─── DATA LISTING ───

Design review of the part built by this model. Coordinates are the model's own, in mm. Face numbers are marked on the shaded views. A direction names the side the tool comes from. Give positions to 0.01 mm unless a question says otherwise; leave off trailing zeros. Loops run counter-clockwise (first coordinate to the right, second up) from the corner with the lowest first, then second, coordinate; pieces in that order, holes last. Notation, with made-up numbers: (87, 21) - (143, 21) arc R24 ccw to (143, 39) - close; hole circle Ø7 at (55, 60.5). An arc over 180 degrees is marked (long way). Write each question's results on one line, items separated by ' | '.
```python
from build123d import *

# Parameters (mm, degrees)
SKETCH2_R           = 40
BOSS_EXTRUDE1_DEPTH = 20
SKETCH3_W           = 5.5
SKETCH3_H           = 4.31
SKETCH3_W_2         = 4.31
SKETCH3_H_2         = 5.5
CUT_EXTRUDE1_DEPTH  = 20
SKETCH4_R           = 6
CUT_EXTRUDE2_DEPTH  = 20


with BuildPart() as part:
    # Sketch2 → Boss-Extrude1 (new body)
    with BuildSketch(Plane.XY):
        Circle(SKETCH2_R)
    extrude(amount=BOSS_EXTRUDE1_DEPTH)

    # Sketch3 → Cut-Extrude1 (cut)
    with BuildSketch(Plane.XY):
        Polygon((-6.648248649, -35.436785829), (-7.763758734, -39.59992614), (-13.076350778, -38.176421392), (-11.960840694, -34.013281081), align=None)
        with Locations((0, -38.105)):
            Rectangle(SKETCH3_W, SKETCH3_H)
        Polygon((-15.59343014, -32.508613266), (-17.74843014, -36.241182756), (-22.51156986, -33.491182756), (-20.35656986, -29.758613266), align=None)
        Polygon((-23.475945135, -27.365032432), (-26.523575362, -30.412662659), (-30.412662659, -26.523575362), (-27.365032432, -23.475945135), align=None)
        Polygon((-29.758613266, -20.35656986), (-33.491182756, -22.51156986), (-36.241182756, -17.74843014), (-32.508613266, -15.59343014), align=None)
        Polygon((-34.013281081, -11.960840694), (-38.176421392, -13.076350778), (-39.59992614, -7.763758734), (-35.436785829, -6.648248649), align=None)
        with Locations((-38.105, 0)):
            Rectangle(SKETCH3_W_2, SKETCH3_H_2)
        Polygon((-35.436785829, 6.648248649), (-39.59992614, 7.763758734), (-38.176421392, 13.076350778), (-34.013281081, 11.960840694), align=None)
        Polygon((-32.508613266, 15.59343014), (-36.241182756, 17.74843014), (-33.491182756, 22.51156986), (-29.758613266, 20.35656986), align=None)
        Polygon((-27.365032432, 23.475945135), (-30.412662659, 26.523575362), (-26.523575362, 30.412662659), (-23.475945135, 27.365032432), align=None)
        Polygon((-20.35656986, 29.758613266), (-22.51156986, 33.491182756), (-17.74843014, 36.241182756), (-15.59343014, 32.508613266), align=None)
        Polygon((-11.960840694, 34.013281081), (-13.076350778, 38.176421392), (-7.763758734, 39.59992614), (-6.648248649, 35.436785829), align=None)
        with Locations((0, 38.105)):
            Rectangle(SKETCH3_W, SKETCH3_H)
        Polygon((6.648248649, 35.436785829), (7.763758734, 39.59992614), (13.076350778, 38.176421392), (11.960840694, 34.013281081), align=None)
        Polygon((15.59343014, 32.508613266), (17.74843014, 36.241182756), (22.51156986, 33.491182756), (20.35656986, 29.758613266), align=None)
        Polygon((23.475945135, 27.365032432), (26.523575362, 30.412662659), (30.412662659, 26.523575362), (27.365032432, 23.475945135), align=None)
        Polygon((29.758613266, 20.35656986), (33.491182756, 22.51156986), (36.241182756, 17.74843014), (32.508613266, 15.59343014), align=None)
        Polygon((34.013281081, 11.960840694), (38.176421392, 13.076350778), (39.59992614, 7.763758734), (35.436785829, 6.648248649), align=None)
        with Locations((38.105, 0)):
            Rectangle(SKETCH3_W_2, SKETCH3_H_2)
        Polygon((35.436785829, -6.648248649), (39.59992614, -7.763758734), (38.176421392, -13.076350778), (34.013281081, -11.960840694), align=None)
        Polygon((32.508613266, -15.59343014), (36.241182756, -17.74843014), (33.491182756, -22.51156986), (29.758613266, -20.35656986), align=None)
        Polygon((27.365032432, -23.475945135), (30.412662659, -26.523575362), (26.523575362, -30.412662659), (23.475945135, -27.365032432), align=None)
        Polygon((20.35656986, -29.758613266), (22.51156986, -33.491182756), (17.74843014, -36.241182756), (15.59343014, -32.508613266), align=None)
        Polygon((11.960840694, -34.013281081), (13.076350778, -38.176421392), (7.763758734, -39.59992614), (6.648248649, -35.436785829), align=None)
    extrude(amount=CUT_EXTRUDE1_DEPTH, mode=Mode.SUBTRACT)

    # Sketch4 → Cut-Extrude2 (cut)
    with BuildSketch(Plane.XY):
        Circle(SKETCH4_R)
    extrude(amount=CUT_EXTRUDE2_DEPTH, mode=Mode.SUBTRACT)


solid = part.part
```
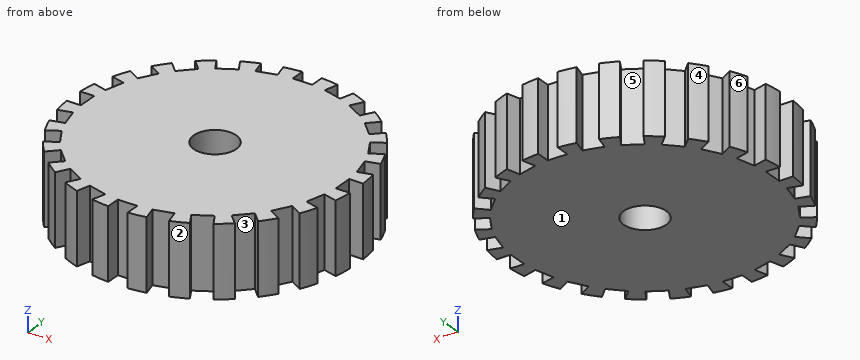
Item 1: Clearance check with flat-ended pins moving along their axes: P1, Ø2, axis at y = -22, z = 12.5, coming from the -X side; P2, Ø3, axis at y = 0.5, z = 9, coming from the +X side; P3, Ø4.5, axis at x = 0, z = 13, coming from the -Y side; P4, Ø12, axis at x = 28.5, y = -21, coming from the -Z side. State where each tip first meets the part, or that it passes through.
Output values:
P1: stops at x = -33.18 | P2: stops at x = 35.95 | P3: stops at y = -35.95 | P4: stops at z = 0
Item 2: We need section A-A on x = 0. Give the boundary of the cut face in (y, z).
Output values:
outline: (-35.95, 0) - (-6, 0) - (-6, 20) - (-35.95, 20) - close; (6, 0) - (35.95, 0) - (35.95, 20) - (6, 20) - close
Item 3: Wall thickness on probe 1 along Y at (x, z) = (24, 16); probe 2 along Y at (x, z) = (0, 11.5); probe 3 along Y at (x, z) = (-32.5, 17.5): over which ranges is each line inside the solid? List them lowest first.
Output values:
probe 1: y = -32 to -27.89, -26.84 to 26.84, 27.89 to 32 | probe 2: y = -35.95 to -6, 6 to 35.95 | probe 3: y = -23.32 to -21.94, -15.61 to 15.61, 21.94 to 23.32
Item 4: Draft analysis for pull direction Y (two halves, no side actions). For the marked faces 1, 2, 3 and 4, state which applies: +Y half, -Y half, draft (parallel to the pull), parting line (faces both ways), or undercut.
Output values:
face 1: draft | face 2: -Y half | face 3: undercut | face 4: +Y half
Item 5: Tool access review of the marked faces 5 and 6: name each direction out of +Z, -Z, +X, -X, +Y, -Y from which nothing blocks a thin tool from reaching the whole face with its end or side.
Output values:
face 5: +Z, -Z | face 6: +Z, -Z, -X, +Y
Item 6: We need section C-C on x = 14. Give the boundary of the cut face in (y, z), then the cut area to 3 significant figures.
Output values:
outline: (-37.47, 0) - (37.47, 0) - (37.47, 20) - (-37.47, 20) - close | area: 1,500 mm²
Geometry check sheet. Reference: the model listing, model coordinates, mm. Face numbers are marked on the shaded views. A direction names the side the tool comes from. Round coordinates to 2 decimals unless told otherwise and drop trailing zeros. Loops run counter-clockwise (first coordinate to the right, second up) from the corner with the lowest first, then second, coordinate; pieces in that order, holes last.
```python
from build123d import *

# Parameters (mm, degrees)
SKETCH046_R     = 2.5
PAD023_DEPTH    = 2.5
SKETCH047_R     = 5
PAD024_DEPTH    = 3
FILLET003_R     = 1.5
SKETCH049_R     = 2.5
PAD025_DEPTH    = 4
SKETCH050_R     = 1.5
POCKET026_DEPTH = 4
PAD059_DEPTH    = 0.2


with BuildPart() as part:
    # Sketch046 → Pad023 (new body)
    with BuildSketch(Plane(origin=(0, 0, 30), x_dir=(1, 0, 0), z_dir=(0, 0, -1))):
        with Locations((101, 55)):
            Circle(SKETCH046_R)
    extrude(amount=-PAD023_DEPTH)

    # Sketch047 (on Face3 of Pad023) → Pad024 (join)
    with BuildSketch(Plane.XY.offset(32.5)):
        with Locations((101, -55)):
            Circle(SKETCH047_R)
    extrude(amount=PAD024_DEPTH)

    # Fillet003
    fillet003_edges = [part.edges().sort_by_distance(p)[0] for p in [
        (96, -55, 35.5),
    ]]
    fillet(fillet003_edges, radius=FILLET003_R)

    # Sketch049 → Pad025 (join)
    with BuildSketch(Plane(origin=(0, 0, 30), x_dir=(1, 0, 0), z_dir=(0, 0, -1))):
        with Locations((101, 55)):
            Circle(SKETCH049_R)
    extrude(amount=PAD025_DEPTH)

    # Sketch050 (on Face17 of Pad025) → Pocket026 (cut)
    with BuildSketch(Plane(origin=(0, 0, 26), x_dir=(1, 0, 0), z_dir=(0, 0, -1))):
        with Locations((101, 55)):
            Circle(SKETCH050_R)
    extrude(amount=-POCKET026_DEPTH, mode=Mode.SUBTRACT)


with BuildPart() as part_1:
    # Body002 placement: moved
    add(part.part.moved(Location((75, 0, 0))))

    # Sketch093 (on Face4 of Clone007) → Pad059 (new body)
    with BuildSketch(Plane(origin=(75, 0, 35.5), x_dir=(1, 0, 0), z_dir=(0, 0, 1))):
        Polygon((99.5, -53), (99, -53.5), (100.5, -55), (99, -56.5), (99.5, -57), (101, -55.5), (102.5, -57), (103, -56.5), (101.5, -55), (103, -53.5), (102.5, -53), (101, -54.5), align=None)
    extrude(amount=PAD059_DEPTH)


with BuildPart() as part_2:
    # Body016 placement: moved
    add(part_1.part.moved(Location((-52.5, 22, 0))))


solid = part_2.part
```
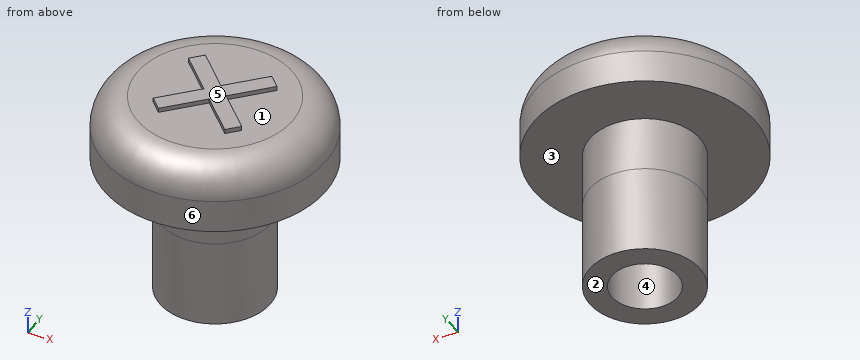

───

### DESCRIPTION OF THE TASK
Go through the listing above and return every line where the word "half" occurs.

### RESPONSE TO THE EXERCISE
Item 4: Draft analysis for pull direction Y (two halves, no side actions). For the marked faces 1, 2, 3 and 4, state which applies: +Y half, -Y half, draft (parallel to the pull), parting line (faces both ways), or undercut.
face 1: draft | face 2: -Y half | face 3: undercut | face 4: +Y half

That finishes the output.